Nevertheless, it is imperative to acknowledge the limitations inherent in the study. Firstly, histological evidence from liver biopsies is required for a definitive diagnosis of MAFLD. However, large population studies are difficult to perform invasively. Despite the utilization of FibroScan® transient elastography as an alternative in this study (a technique which has been demonstrated to possess clinical validity), the potential for the introduction of diagnostic bias remains a concern. Secondly, despite the Oral Glucose Tolerance Test (OGTT) representing a pivotal criterion for the diagnosis of diabetes, the absence of data pertaining to this indicator in the 2017–2018 NHANES cycle may have resulted in the under-recognition of cases of diabetes.
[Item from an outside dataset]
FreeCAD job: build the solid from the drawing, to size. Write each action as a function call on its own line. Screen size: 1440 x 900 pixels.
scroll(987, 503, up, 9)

Furthermore, as the data were derived from the NHANES cross-sectional survey in a single country, there are limitations in terms of sample representativeness and the applicability of the model to other populations. The model was trained and validated exclusively on an internal dataset, with no external validation performed using an independent cohort. This may be problematic due to potential differences in characteristics between populations of different races or regions, which could compromise the generalization ability of the model. Further assessment is required to ascertain the model’s generalization capability. It is important to note that the cross-sectional design of this study precluded the determination of whether the observed associations were causal or not. It is therefore essential that future longitudinal studies are conducted in order to more accurately assess the causal associations between obesity indicators and the development of MAFLD. The SHAP method is predicated on the assumption of independence of characteristics in interpreting the model. Despite the exclusion of highly correlated variables, residual correlations may still affect the interpretation of results.

Conclusion

In this study, we developed predictive models for MAFLD using six machine learning algorithms: DT, SVM, GLM, GBM, RF, and XGBoost. Among these, the GBM model demonstrated the most favorable overall performance, achieving high discriminative accuracy and stability across both training and validation datasets. Furthermore, SHAP analysis provided interpretable insights into feature contributions, with VAT emerging as the most important predictor of MAFLD risk. These findings underscore the utility of integrating advanced machine learning techniques with detailed body composition metrics to improve early risk stratification and guide targeted interventions in clinical and public health contexts.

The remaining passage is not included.